• [Exercise brief]:
An exact transcription of all the records is required, minus the images.

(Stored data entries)

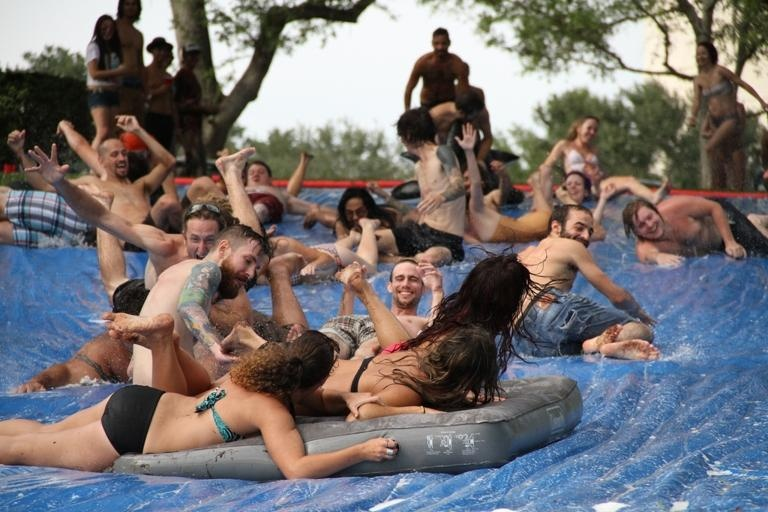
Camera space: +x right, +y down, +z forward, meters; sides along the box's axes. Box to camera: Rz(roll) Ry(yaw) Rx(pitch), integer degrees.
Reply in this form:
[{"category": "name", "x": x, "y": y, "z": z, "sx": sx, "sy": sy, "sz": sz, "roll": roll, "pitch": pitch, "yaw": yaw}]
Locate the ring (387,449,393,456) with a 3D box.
[{"category": "ring", "x": 0.054, "y": 1.544, "z": 7.815, "sx": 0.053, "sy": 0.054, "sz": 0.039, "roll": 3, "pitch": 40, "yaw": 3}]

• [Answer box]:
Camera space: +x right, +y down, +z forward, meters; sides along the box's axes. Box to camera: Rz(roll) Ry(yaw) Rx(pitch), integer degrees.
Reply in this form:
[{"category": "name", "x": x, "y": y, "z": z, "sx": sx, "sy": sy, "sz": sz, "roll": roll, "pitch": pitch, "yaw": yaw}]
Locate the ring (387,449,393,456) with a 3D box.
[{"category": "ring", "x": 0.054, "y": 1.544, "z": 7.815, "sx": 0.053, "sy": 0.054, "sz": 0.039, "roll": 3, "pitch": 40, "yaw": 3}]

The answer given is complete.